Le 26 juin, le Bow Jubail a été remorqué depuis son poste d'amarrage d'origine jusqu'à un chantier naval pour réparation dans la région de Botlek. Le navire a finalement quitté Rotterdam le samedi 7 juillet.
Selon le rapport d'enquête, c’est un problème de communication qui serait à l'origine de l'accident et qui a eu pour conséquence une mauvaise évaluation de la position du gouvernail par le capitaine, ce qui a amené le navire à prendre une mauvaise direction. La passerelle s’en étant rendu compte trop tard.

La lutte antipollution

L’autorité portuaire ainsi que le Directorate-General for Public Works and Water Management se sont chargés de mener la réponse antipollution qui a principalement consisté au confinement de la pollution par la pose de barrages au plus près du navire.

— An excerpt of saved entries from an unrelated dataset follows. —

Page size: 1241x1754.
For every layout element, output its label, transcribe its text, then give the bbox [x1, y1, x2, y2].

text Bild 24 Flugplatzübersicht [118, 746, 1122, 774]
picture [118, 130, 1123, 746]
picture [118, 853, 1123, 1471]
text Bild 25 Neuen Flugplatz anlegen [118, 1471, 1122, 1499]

Les opérations de récupération des hydrocarbures sur le plan d’eau ont permis d’en collecter environ 160 tonnes, trois jours après le sinistre.
De nombreuses infrastructures portuaires (jetées, quais, enrochements, mouillages, etc.) ont été souillées, nécessitant des actions de nettoyage les semaines suivantes, notamment par l’utilisation de jets d’eau chaude à haute pression pour décoller le fioul lourd vieilli. Plusieurs kilomètres d’enrochements ont d’ailleurs dû être remplacés du fait de la persistance du produit.
Deux aires de lavage des coques des navires souillées ont également été mises en place, permettant la reprise rapide du trafic maritime afin de garantir une perturbation minimale des activités portuaires.
Les voies navigables relèvent de la juridiction du ministère néerlandais de l'Infrastructure et de la Gestion de l'eau (Rijkwaterstaat), qui a également engagé ses propres moyens pour l'intervention en mer et le nettoyage du littoral.

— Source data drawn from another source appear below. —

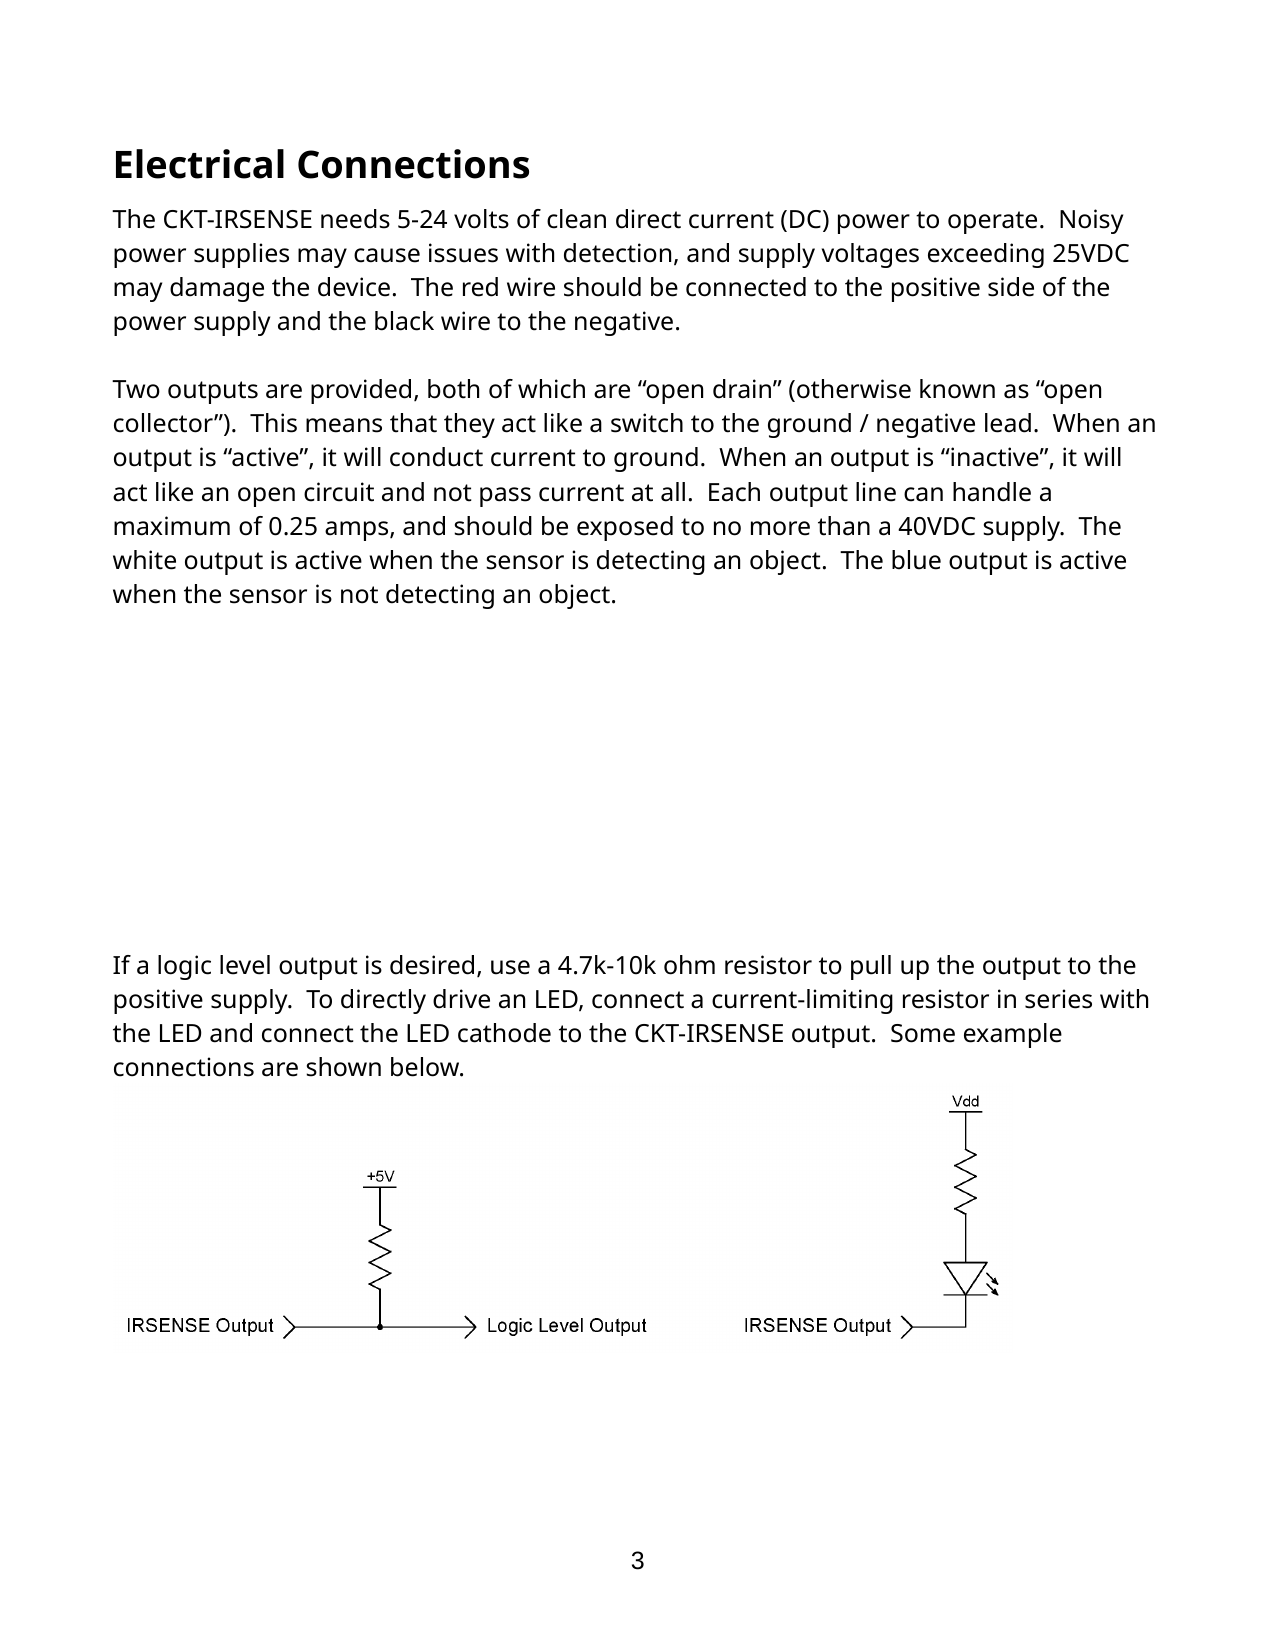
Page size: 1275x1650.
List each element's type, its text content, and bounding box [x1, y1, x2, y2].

subtitle Electrical Connections [112, 137, 1162, 189]
text If a logic level output is desired, use a 4.7k-10k ohm resistor to pull up the output to the positive supply. To directly drive an LED, connect a current-limiting resistor in series with the LED and connect the LED cathode to the CKT-IRSENSE output. Some example connections are shown below. [112, 947, 1162, 1084]
picture [112, 1083, 1013, 1353]
text Two outputs are provided, both of which are “open drain” (otherwise known as “open collector”). This means that they act like a switch to the ground / negative lead. When an output is “active”, it will conduct current to ground. When an output is “inactive”, it will act like an open circuit and not pass current at all. Each output line can handle a maximum of 0.25 amps, and should be exposed to no more than a 40VDC supply. The white output is active when the sensor is detecting an object. The blue output is active when the sensor is not detecting an object. [112, 372, 1162, 610]
text The CKT-IRSENSE needs 5-24 volts of clean direct current (DC) power to operate. Noisy power supplies may cause issues with detection, and supply voltages exceeding 25VDC may damage the device. The red wire should be connected to the positive side of the power supply and the black wire to the negative. [112, 202, 1162, 338]

Les impacts socioéconomiques et environnementaux

Les voies de navigation aux abords de l’accident ont été temporairement fermées, perturbant momentanément les usages au sein du port.
D’un point de vue écologique, 500 cygnes souillés ont été capturés et réhabilités avant d’être relâchés le mois suivant et environ un millier d’oiseaux au total ont été souillés à divers degrés par la pollution.

Indemnisation

Odfjell avait annoncé qu’ils assumeraient la responsabilité de tous les coûts du nettoyage « jusqu'au maximum de leur responsabilité légale » alors que l'ensemble des opérations de nettoyage était estimé à 80 millions d'euros par l'Autorité portuaire.
Au moment de l’accident, le Bow Jubail était lège et le pétrole déversé du fioul lourd de propulsion. Lors de son voyage précédant, de Houston à Rotterdam via Anvers, le Bow Jubail transportait du « pétrole » comme mentionné dans le CLC de 1992. Et son armateur avait déclaré les citernes exemptes de résidus de cargaison au moment de l'accident.
Afin de limiter sa responsabilité et de limiter les couts, le propriétaire du navire a demandé au tribunal de district de Rotterdam de statuer conformément à la Convention on Limitation of Liability for Maritime Claims, 1976 telles que modifiées par le Protocole de 1996 (LLMC 76/96) alors que l’armateur faisait valoir le Bunkers Convention 2001.
L'aspect judiciaire de cette affaire a finalement duré plus de six ans. Il s'agit d'une affaire unique aux Pays-Bas sur les responsabilités et conventions concernées.
En novembre 2018, le tribunal de district de Rotterdam a décidé que le propriétaire du navire n'avait pas prouvé que le pétrolier ne contenait pas de résidus d'hydrocarbures persistants au moment de l’accident et donc considéré que le Bow Jubail était un navire au sens de la définition la Convention sur la responsabilité civile (CLC) de 1992 et de ne pas accorder l'autorisation de limiter sa responsabilité au titre de la Convention Bunkers 2001.
Le 27 octobre 2020, la Cour d'appel de La Haye a rendu son arrêt confirmant cette décision du tribunal de district de Rotterdam.
Le propriétaire du navire a alors fait appel du jugement devant la Cour suprême des Pays-Bas et le Fipol (Fonds de 1992) a demandé à être autorisé à s’y joindre. Demande accordée en décembre 2021 par la Cour suprême.
En 2021, le capitaine du navire a quant à lui été condamné à une amende de 1 000 euros.
De actions en justice ont par ailleurs été intentées par plusieurs (25) demandeurs devant le tribunal de district de Rotterdam contre le propriétaire du navire, son assureur et les autres parties.
Le Bow Jubail a été finalement été jugé en 2022 comme un navire au sens de la Convention sur la responsabilité civile de 1992. En conséquence, le Fipol (Fonds de 1992) a pu fournir une indemnisation supplémentaire au-delà de la limite de responsabilité des propriétaires du navire.

Pour en savoir plus

Lettre technique mer littorale n°47, 2018-1 - Cedre

Les impacts sur la faune :

Zone du naufrageRotterdam
Zone du déversementZone portuaire
Cause de l'accidentCollision
Nature polluantFioul lourd de propulsion (HFO)
Quantité déversée217 tonnes
Type de navire/structureNavire-citerne
Longueur183 m
PavillonNorvégien
PropriétaireNational Chemical Carriers Ltd (NCC)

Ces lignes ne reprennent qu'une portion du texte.